Infectivity assays of each ASGV cDNA clone were performed as follows. RNA transcribed in vitro was immediately used to inoculate C. quinoa seedlings at the five- to
ten-leaf stage after adjusting the concentration of the
transcribed RNA to 1 mg ml21, as described by Ohira et al.

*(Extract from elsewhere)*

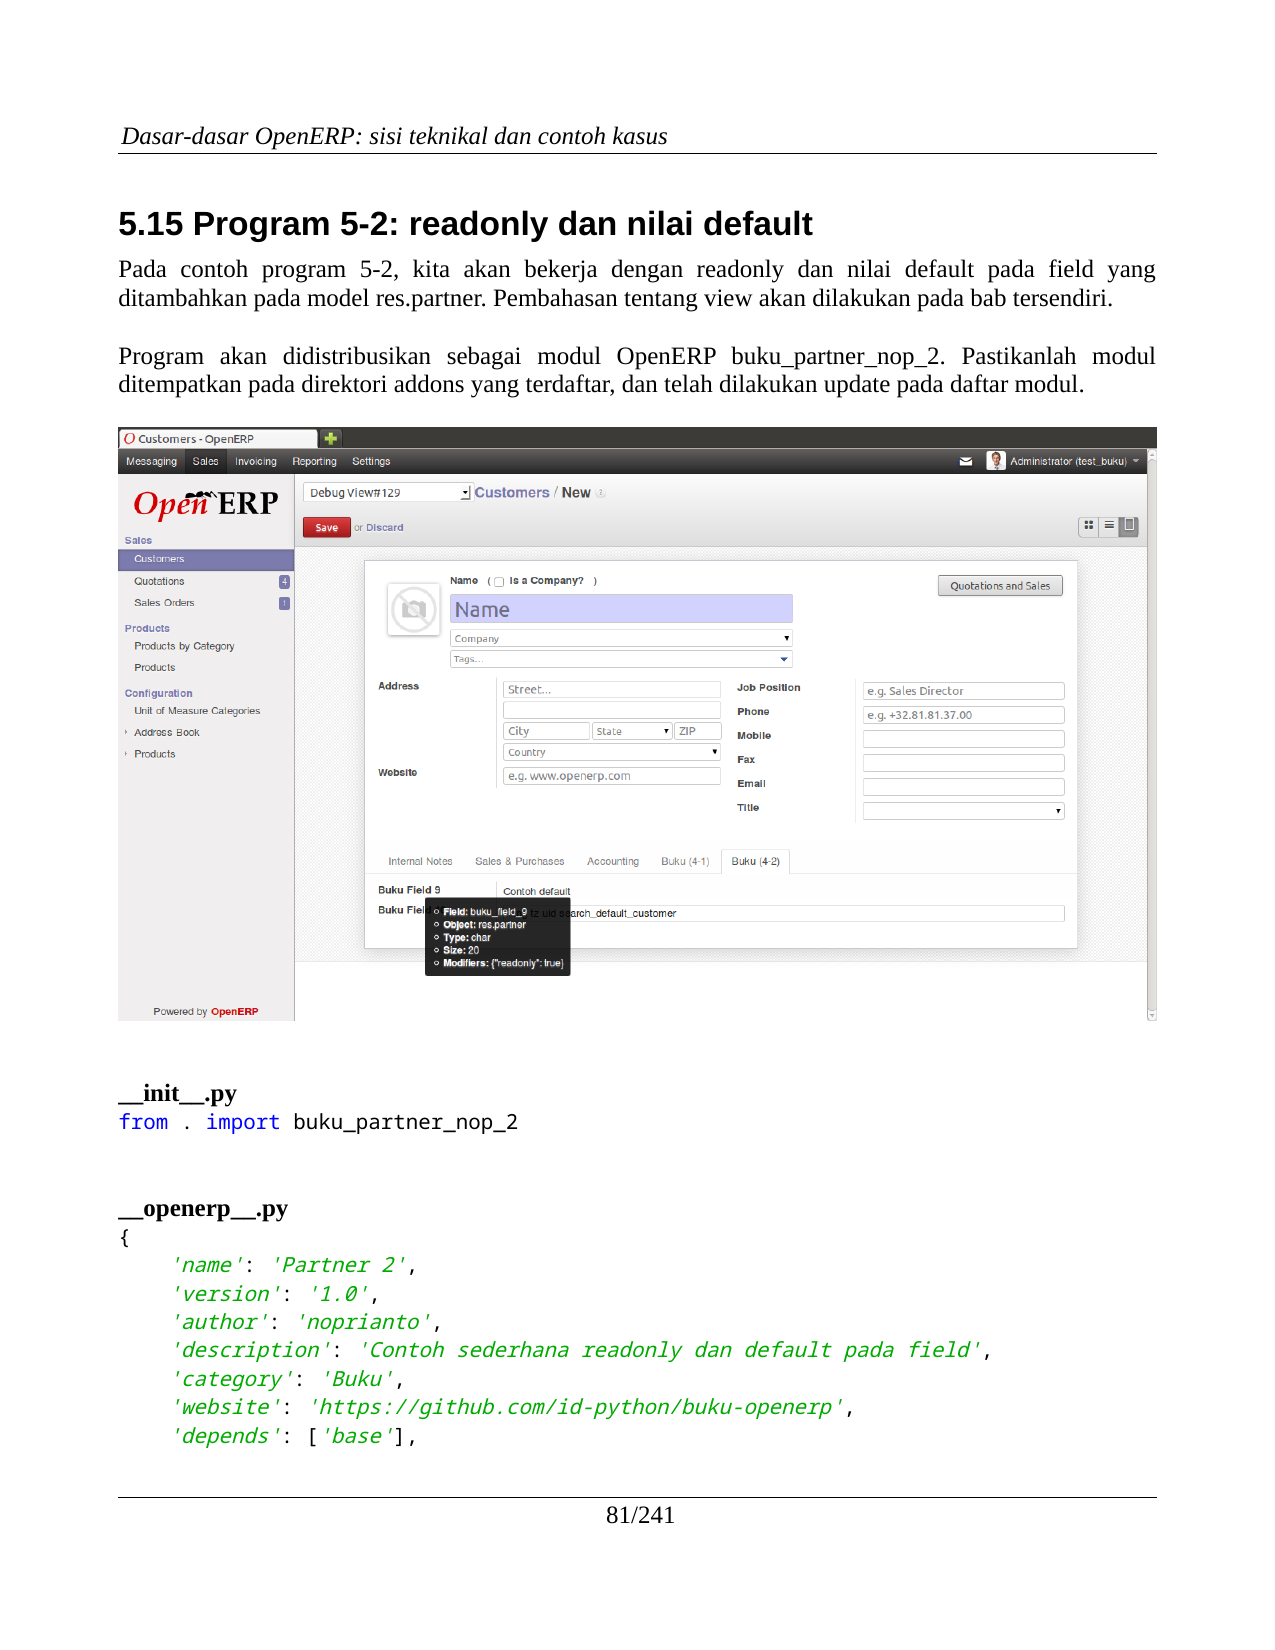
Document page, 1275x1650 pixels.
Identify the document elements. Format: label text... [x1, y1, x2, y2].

(1995). Plants were tested for virus infection by RT-PCR
with an AMV RNA PCR kit (Takara) using total RNA
extracted by Isogen (Nippon Gene) and ASGV-specific
primers. The amplified cDNA of infecting viruses was
detected by agarose gel electrophoresis and sequenced with
a DNA sequencer following the manufacturer’s protocol
(Applied Biosystems). RNA transcribed in vitro from
pITCL (ASGV-wt) induced symptoms characteristic of
ASGV. These consist of severe chlorotic and necrotic local
lesions on inoculated C. quinoa leaves, seen about 1 week
post-inoculation (p.i.) (Fig. 2a) and chlorotic mottling and
malformation on upper leaves (Fig. 2b). In contrast, ASGVRM21, which has a silent nucleotide substitution within
ORF1, usually induced no symptoms (data not shown) or
occasionally very mild symptoms, with only a few, small
chlorotic spots on inoculated leaves (Fig. 2c) and no symptoms on upper leaves (Fig. 2d). Dwarfing was observed
in the plants infected with ASGV-wt, but no dwarfing
occurred in those infected with ASGV-RM21 (Fig. 2e).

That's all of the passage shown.